What is needed ->
All records, exactly as written, minus the pictures: copy them out.

Data for processing ->
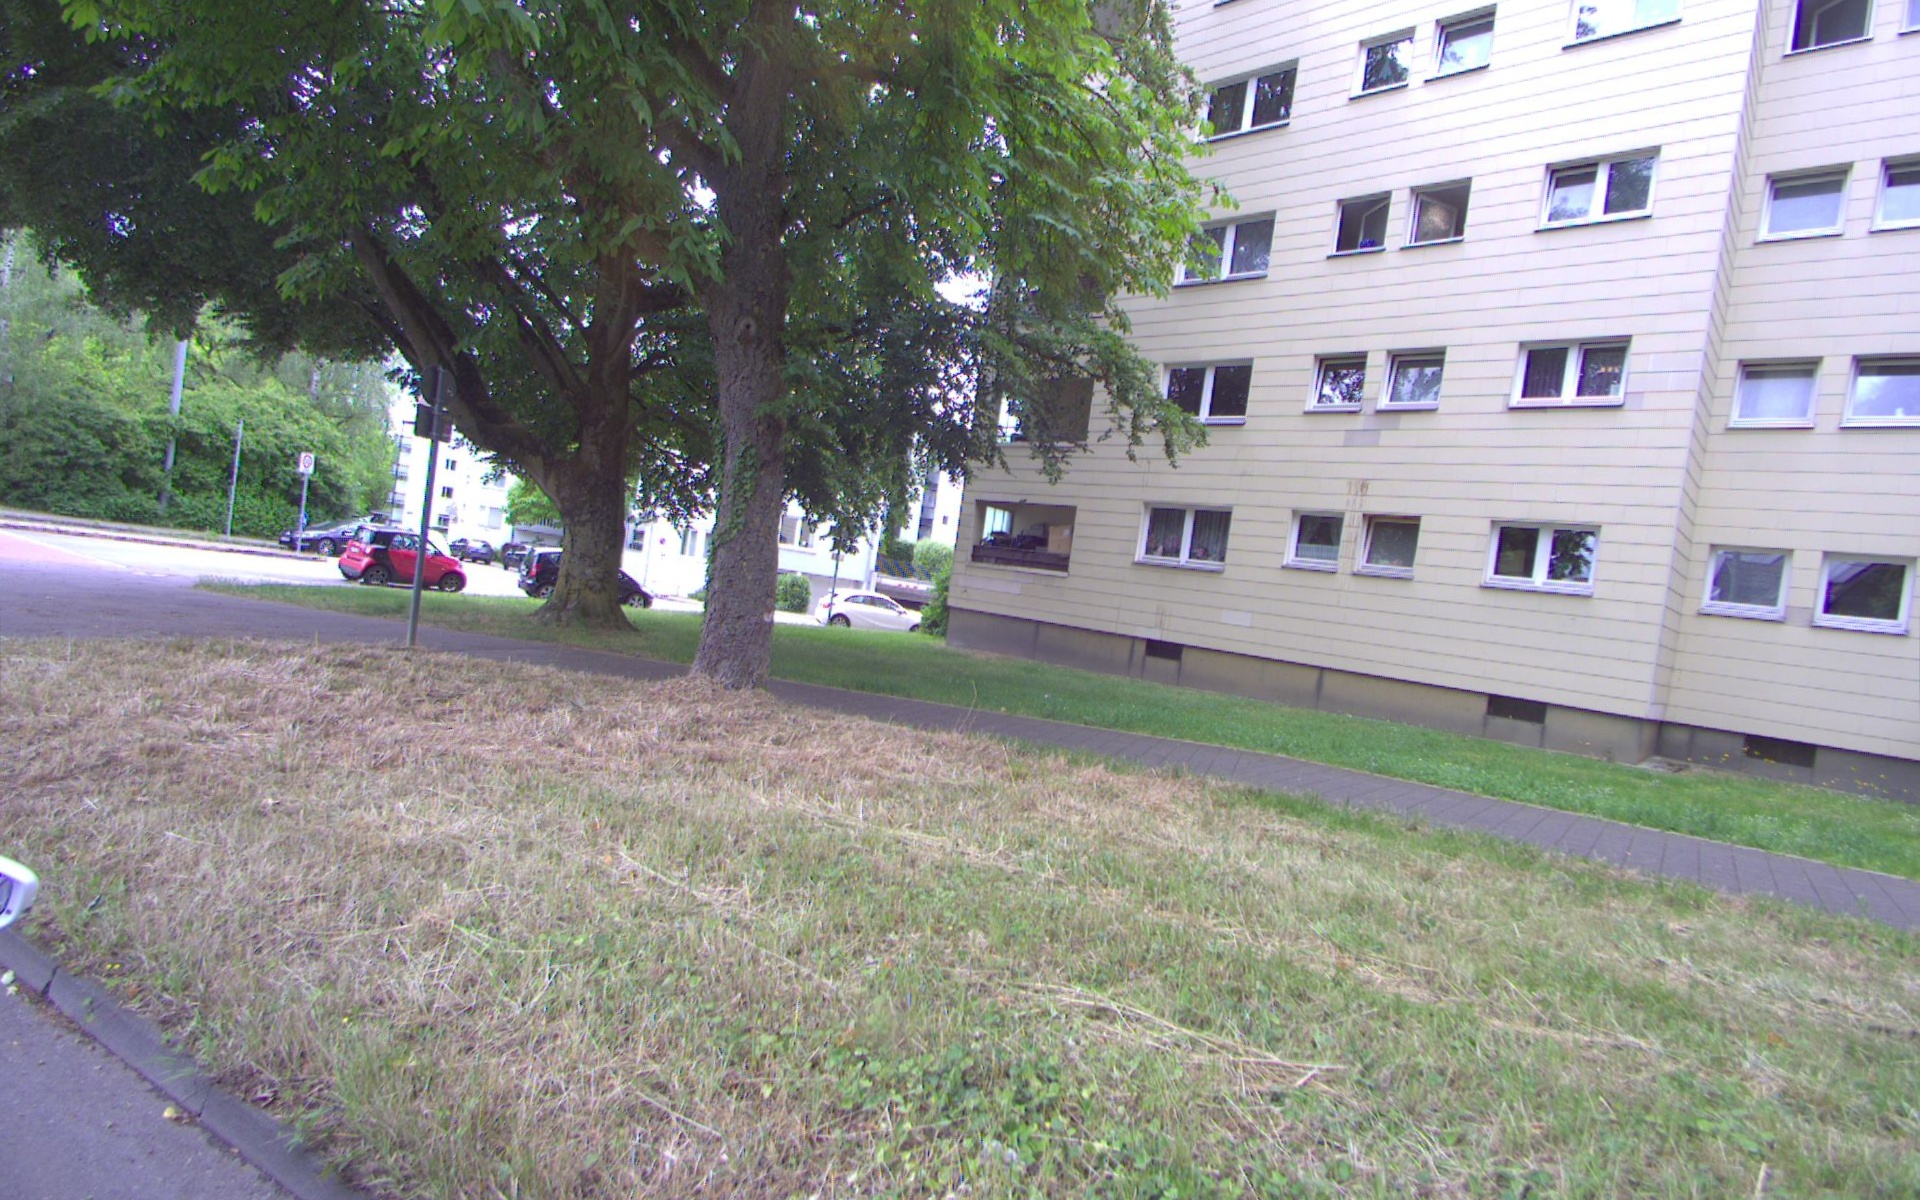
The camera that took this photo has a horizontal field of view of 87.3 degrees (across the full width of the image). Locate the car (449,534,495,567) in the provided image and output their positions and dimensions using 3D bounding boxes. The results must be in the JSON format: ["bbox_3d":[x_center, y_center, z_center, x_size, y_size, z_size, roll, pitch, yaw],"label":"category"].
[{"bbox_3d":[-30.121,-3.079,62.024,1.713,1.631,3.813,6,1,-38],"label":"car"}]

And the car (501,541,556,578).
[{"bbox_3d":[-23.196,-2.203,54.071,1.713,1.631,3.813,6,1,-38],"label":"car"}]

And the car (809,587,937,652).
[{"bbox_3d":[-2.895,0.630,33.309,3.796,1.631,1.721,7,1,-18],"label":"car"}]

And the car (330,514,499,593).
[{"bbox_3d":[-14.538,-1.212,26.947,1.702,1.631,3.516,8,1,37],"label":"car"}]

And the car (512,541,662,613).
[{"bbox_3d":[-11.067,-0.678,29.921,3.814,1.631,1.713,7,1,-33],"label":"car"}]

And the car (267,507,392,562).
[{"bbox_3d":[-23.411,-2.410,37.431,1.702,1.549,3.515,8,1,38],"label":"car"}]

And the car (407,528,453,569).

Answer space ->
The camera that took this photo has a horizontal field of view of 87.3 degrees (across the full width of the image). Locate the car (449,534,495,567) in the provided image and output their positions and dimensions using 3D bounding boxes. The results must be in the JSON format: ["bbox_3d":[x_center, y_center, z_center, x_size, y_size, z_size, roll, pitch, yaw],"label":"category"].
[{"bbox_3d":[-30.121,-3.079,62.024,1.713,1.631,3.813,6,1,-38],"label":"car"}]

And the car (501,541,556,578).
[{"bbox_3d":[-23.196,-2.203,54.071,1.713,1.631,3.813,6,1,-38],"label":"car"}]

And the car (809,587,937,652).
[{"bbox_3d":[-2.895,0.630,33.309,3.796,1.631,1.721,7,1,-18],"label":"car"}]

And the car (330,514,499,593).
[{"bbox_3d":[-14.538,-1.212,26.947,1.702,1.631,3.516,8,1,37],"label":"car"}]

And the car (512,541,662,613).
[{"bbox_3d":[-11.067,-0.678,29.921,3.814,1.631,1.713,7,1,-33],"label":"car"}]

And the car (267,507,392,562).
[{"bbox_3d":[-23.411,-2.410,37.431,1.702,1.549,3.515,8,1,38],"label":"car"}]

And the car (407,528,453,569).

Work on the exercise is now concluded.